- INFORMATION
╔══
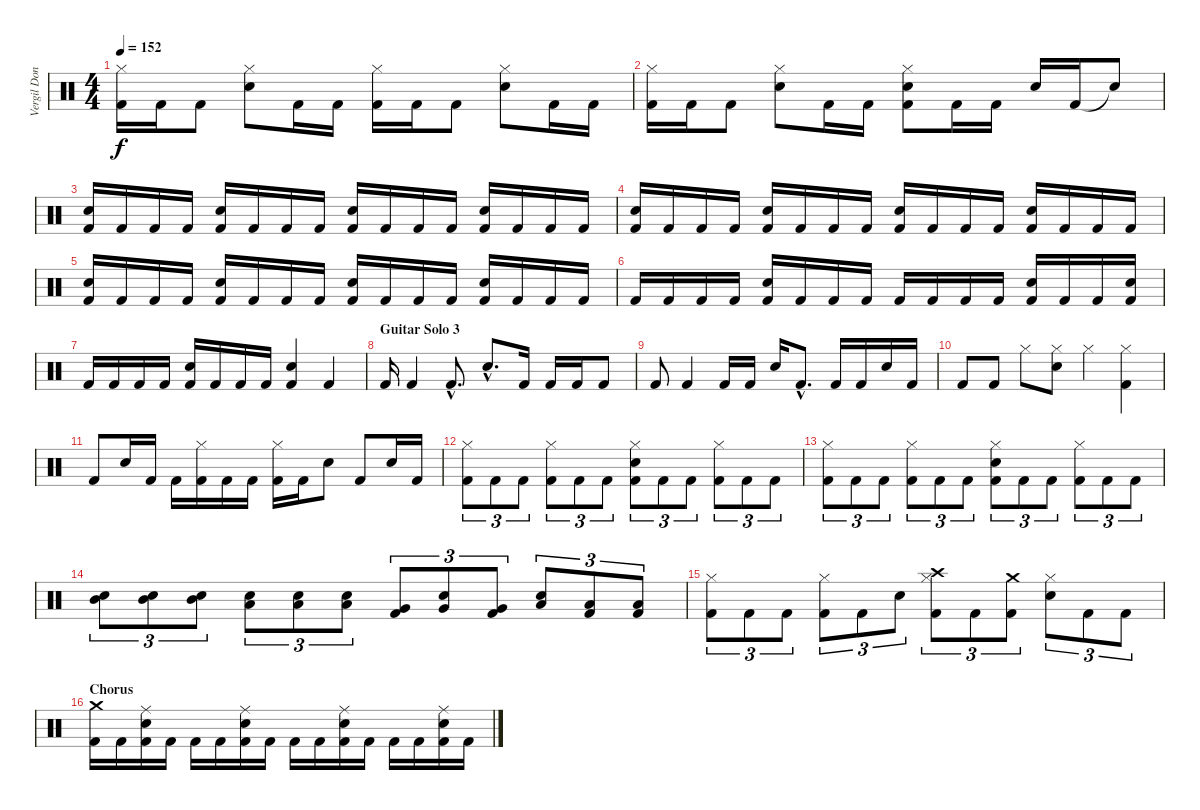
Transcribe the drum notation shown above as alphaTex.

\track ("Vergil Donati" "Vergil Don") {instrument percussion}
\staff {score}
\articulation defaults
\ts (4 4)
\tempo 152
\clef neutral
\ks c
("Hi-Hat (closed)" "Kick (hit) 2").16{dy f} "Kick (hit) 2".16 "Kick (hit) 2".8 ("Electric Snare (hit)" "Hi-Hat (closed)").8 "Kick (hit) 2".16 "Kick (hit) 2".16 ("Hi-Hat (closed)" "Kick (hit) 2").16 "Kick (hit) 2".16 "Kick (hit) 2".8 ("Electric Snare (hit)" "Hi-Hat (closed)").8 "Kick (hit) 2".16 "Kick (hit) 2".16 |
("Hi-Hat (closed)" "Kick (hit) 2").16 "Kick (hit) 2".16 "Kick (hit) 2".8 ("Electric Snare (hit)" "Hi-Hat (closed)").8 "Kick (hit) 2".16 "Kick (hit) 2".16 ("Electric Snare (hit)" "Hi-Hat (closed)" "Kick (hit) 2").8 "Kick (hit) 2".16 "Kick (hit) 2".16 "Electric Snare (hit)".16 "Kick (hit) 2".16 "Snare (hit)"{t}.8 |
("Electric Snare (hit)" "Kick (hit) 2").16 "Kick (hit) 2".16 "Kick (hit) 2".16 "Kick (hit) 2".16 ("Electric Snare (hit)" "Kick (hit) 2").16 "Kick (hit) 2".16 "Kick (hit) 2".16 "Kick (hit) 2".16 ("Electric Snare (hit)" "Kick (hit) 2").16 "Kick (hit) 2".16 "Kick (hit) 2".16 "Kick (hit) 2".16 ("Electric Snare (hit)" "Kick (hit) 2").16 "Kick (hit) 2".16 "Kick (hit) 2".16 "Kick (hit) 2".16 |
("Electric Snare (hit)" "Kick (hit) 2").16 "Kick (hit) 2".16 "Kick (hit) 2".16 "Kick (hit) 2".16 ("Electric Snare (hit)" "Kick (hit) 2").16 "Kick (hit) 2".16 "Kick (hit) 2".16 "Kick (hit) 2".16 ("Electric Snare (hit)" "Kick (hit) 2").16 "Kick (hit) 2".16 "Kick (hit) 2".16 "Kick (hit) 2".16 ("Electric Snare (hit)" "Kick (hit) 2").16 "Kick (hit) 2".16 "Kick (hit) 2".16 "Kick (hit) 2".16 |
("Electric Snare (hit)" "Kick (hit) 2").16 "Kick (hit) 2".16 "Kick (hit) 2".16 "Kick (hit) 2".16 ("Electric Snare (hit)" "Kick (hit) 2").16 "Kick (hit) 2".16 "Kick (hit) 2".16 "Kick (hit) 2".16 ("Electric Snare (hit)" "Kick (hit) 2").16 "Kick (hit) 2".16 "Kick (hit) 2".16 "Kick (hit) 2".16 ("Electric Snare (hit)" "Kick (hit) 2").16 "Kick (hit) 2".16 "Kick (hit) 2".16 "Kick (hit) 2".16 |
"Kick (hit) 2".16 "Kick (hit) 2".16 "Kick (hit) 2".16 "Kick (hit) 2".16 ("Electric Snare (hit)" "Kick (hit) 2").16 "Kick (hit) 2".16 "Kick (hit) 2".16 "Kick (hit) 2".16 "Kick (hit) 2".16 "Kick (hit) 2".16 "Kick (hit) 2".16 "Kick (hit) 2".16 ("Electric Snare (hit)" "Kick (hit) 2").16 "Kick (hit) 2".16 "Kick (hit) 2".16 ("Electric Snare (hit)" "Kick (hit) 2").16 |
"Kick (hit) 2".16 "Kick (hit) 2".16 "Kick (hit) 2".16 "Kick (hit) 2".16 ("Electric Snare (hit)" "Kick (hit) 2").16 "Kick (hit) 2".16 "Kick (hit) 2".16 "Kick (hit) 2".16 ("Electric Snare (hit)" "Kick (hit) 2").4 "Kick (hit) 2".4 |
\section ("" "Guitar Solo 3")
"Kick (hit) 2".16 "Kick (hit) 2".4 "Kick (hit) 2"{hac}.8{d} "Electric Snare (hit)"{hac}.8{d} "Kick (hit) 2".16 "Kick (hit) 2".16 "Kick (hit) 2".16 "Kick (hit) 2".8 |
"Kick (hit) 2".8 "Kick (hit) 2".4 "Kick (hit) 2".16 "Kick (hit) 2".16 "Electric Snare (hit)".16 "Kick (hit) 2"{hac}.8{d} "Kick (hit) 2".16 "Kick (hit) 2".16 "Electric Snare (hit)".16 "Kick (hit) 2".16 |
"Kick (hit) 2".8 "Kick (hit) 2".8 "Hi-Hat (closed)".8 ("Electric Snare (hit)" "Hi-Hat (closed)").8 "Hi-Hat (closed)".4 ("Hi-Hat (closed)" "Kick (hit) 2").4 |
"Kick (hit) 2".8 "Electric Snare (hit)".16 "Kick (hit) 2".16 "Kick (hit) 2".16 ("Hi-Hat (closed)" "Kick (hit) 2").16 "Kick (hit) 2".16 "Kick (hit) 2".16 ("Hi-Hat (closed)" "Kick (hit) 2").16 "Kick (hit) 2".16 "Electric Snare (hit)".8 "Kick (hit) 2".8 "Electric Snare (hit)".16 "Kick (hit) 2".16 |
("Hi-Hat (closed)" "Kick (hit) 2").8{tu (3 2)} "Kick (hit) 2".8{tu (3 2)} "Kick (hit) 2".8{tu (3 2)} ("Hi-Hat (closed)" "Kick (hit) 2").8{tu (3 2)} "Kick (hit) 2".8{tu (3 2)} "Kick (hit) 2".8{tu (3 2)} ("Electric Snare (hit)" "Hi-Hat (closed)" "Kick (hit) 2").8{tu (3 2)} "Kick (hit) 2".8{tu (3 2)} "Kick (hit) 2".8{tu (3 2)} ("Hi-Hat (closed)" "Kick (hit) 2").8{tu (3 2)} "Kick (hit) 2".8{tu (3 2)} "Kick (hit) 2".8{tu (3 2)} |
("Hi-Hat (closed)" "Kick (hit) 2").8{tu (3 2)} "Kick (hit) 2".8{tu (3 2)} "Kick (hit) 2".8{tu (3 2)} ("Hi-Hat (closed)" "Kick (hit) 2").8{tu (3 2)} "Kick (hit) 2".8{tu (3 2)} "Kick (hit) 2".8{tu (3 2)} ("Electric Snare (hit)" "Hi-Hat (closed)" "Kick (hit) 2").8{tu (3 2)} "Kick (hit) 2".8{tu (3 2)} "Kick (hit) 2".8{tu (3 2)} ("Hi-Hat (closed)" "Kick (hit) 2").8{tu (3 2)} "Kick (hit) 2".8{tu (3 2)} "Kick (hit) 2".8{tu (3 2)} |
("Mid Tom (hit)" "Electric Snare (hit)").8{tu (3 2)} ("Mid Tom (hit)" "Electric Snare (hit)").8{tu (3 2)} ("Mid Tom (hit)" "Electric Snare (hit)").8{tu (3 2)} ("Low Tom (hit)" "Electric Snare (hit)").8{tu (3 2)} ("Low Tom (hit)" "Electric Snare (hit)").8{tu (3 2)} ("Low Tom (hit)" "Electric Snare (hit)").8{tu (3 2)} ("Very Low Tom (hit)" "Kick (hit) 2").8{tu (3 2)} ("Very Low Tom (hit)" "Electric Snare (hit)").8{tu (3 2)} ("Very Low Tom (hit)" "Kick (hit) 2").8{tu (3 2)} ("Low Floor Tom (hit)" "Electric Snare (hit)").8{tu (3 2)} ("Low Floor Tom (hit)" "Kick (hit) 2").8{tu (3 2)} ("Low Floor Tom (hit)" "Kick (hit) 2").8{tu (3 2)} |
("Hi-Hat (closed)" "Kick (hit) 2").8{tu (3 2)} "Kick (hit) 2".8{tu (3 2)} "Kick (hit) 2".8{tu (3 2)} ("Hi-Hat (closed)" "Kick (hit) 2").8{tu (3 2)} "Kick (hit) 2".8{tu (3 2)} "Electric Snare (hit)".8{tu (3 2)} ("Crash high (hit)" "Hi-Hat (closed)" "Kick (hit) 2").8{tu (3 2)} "Kick (hit) 2".8{tu (3 2)} ("Crash medium (hit)" "Kick (hit) 2").8{tu (3 2)} ("Hi-Hat (closed)" "Electric Snare (hit)").8{tu (3 2)} "Kick (hit) 2".8{tu (3 2)} "Kick (hit) 2".8{tu (3 2)} |
\section ("" "Chorus")
("Crash medium (hit)" "Kick (hit) 2").16 "Kick (hit) 2".16 ("Electric Snare (hit)" "Ride (middle)" "Kick (hit) 2").16 "Kick (hit) 2".16 "Kick (hit) 2".16 "Kick (hit) 2".16 ("Electric Snare (hit)" "Ride (middle)" "Kick (hit) 2").16 "Kick (hit) 2".16 "Kick (hit) 2".16 "Kick (hit) 2".16 ("Electric Snare (hit)" "Ride (middle)" "Kick (hit) 2").16 "Kick (hit) 2".16 "Kick (hit) 2".16 "Kick (hit) 2".16 ("Electric Snare (hit)" "Ride (middle)" "Kick (hit) 2").16 "Kick (hit) 2".16
╚══
- TRY IT
Check each line of the records above for the string "section", and report every line that has it.

- TASK RESULT
\section ("" "Guitar Solo 3")
\section ("" "Chorus")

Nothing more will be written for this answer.